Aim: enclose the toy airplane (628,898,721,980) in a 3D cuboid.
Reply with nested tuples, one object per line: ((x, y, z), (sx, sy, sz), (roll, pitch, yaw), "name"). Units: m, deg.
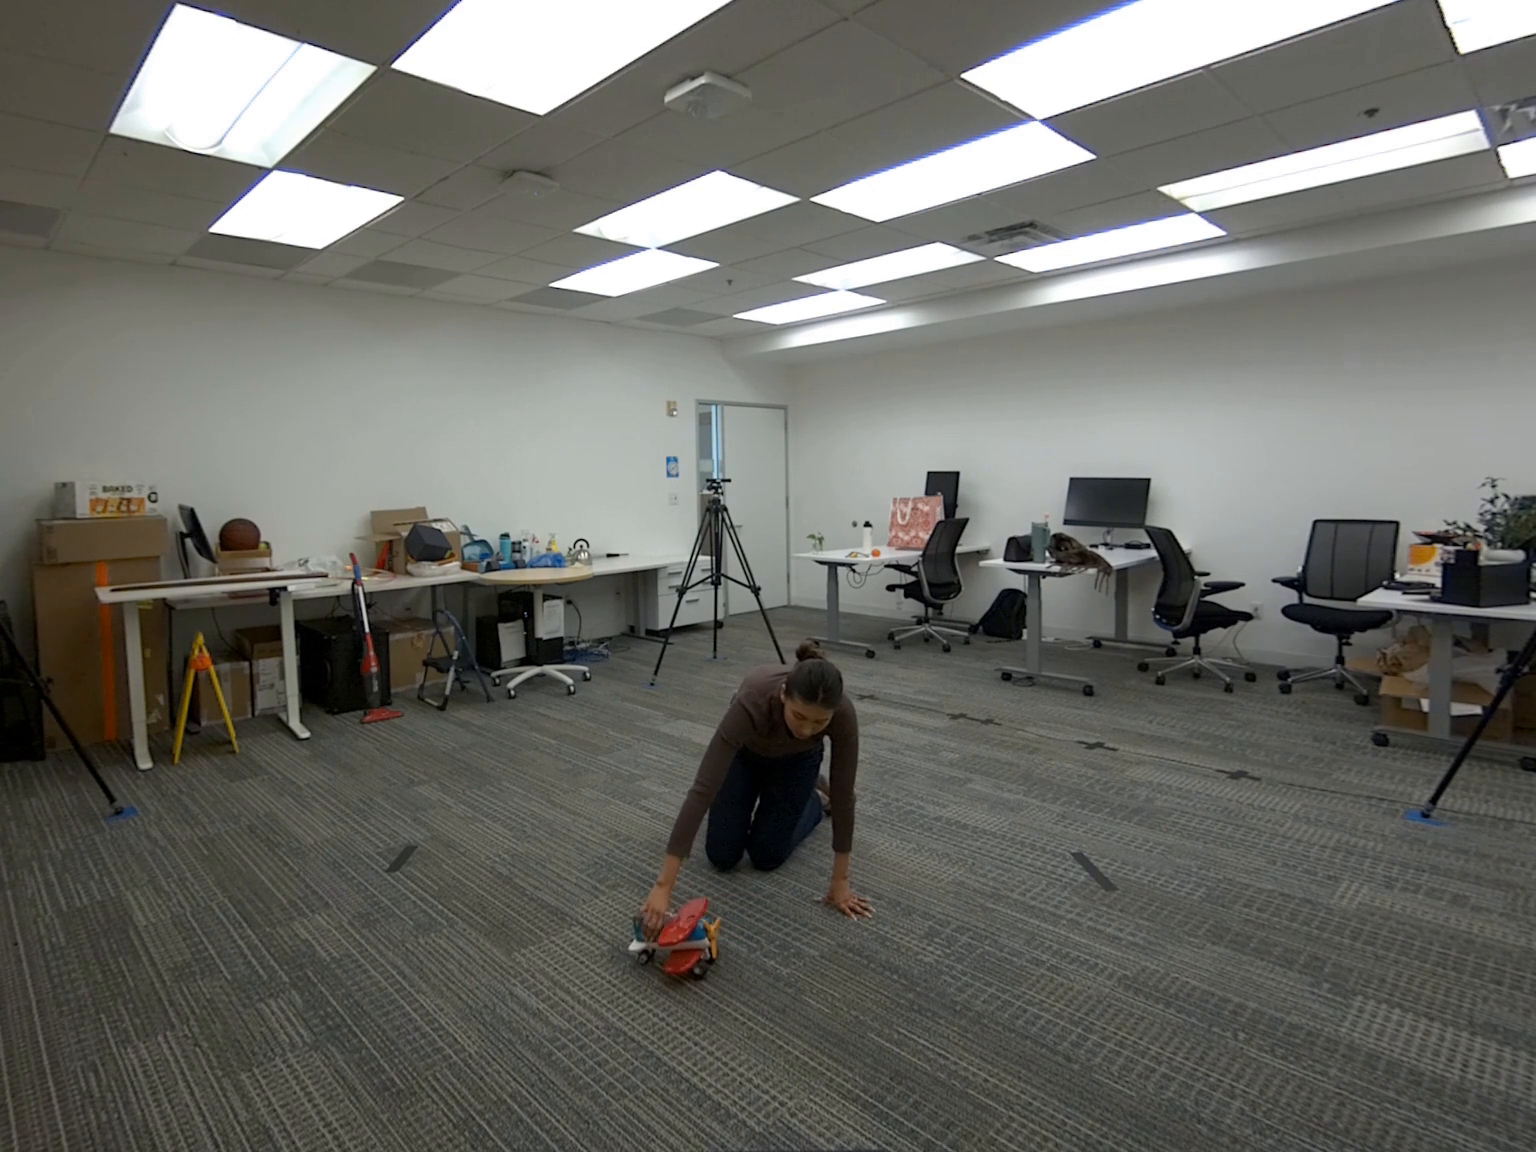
((-0.266, 1.055, 2.444), (0.257, 0.156, 0.254), (-3, 5, -10), "toy airplane")

□ □ □ □ □

TASK GOAL - With the pictures left out, output exactly the lines that begin at the line containing "Reply with nested" and end at the last line of the material.

EXERCISE ANSWER -
Reply with nested tuples, one object per line: ((x, y, z), (sx, sy, sz), (roll, pitch, yaw), "name"). Units: m, deg.
((-0.266, 1.055, 2.444), (0.257, 0.156, 0.254), (-3, 5, -10), "toy airplane")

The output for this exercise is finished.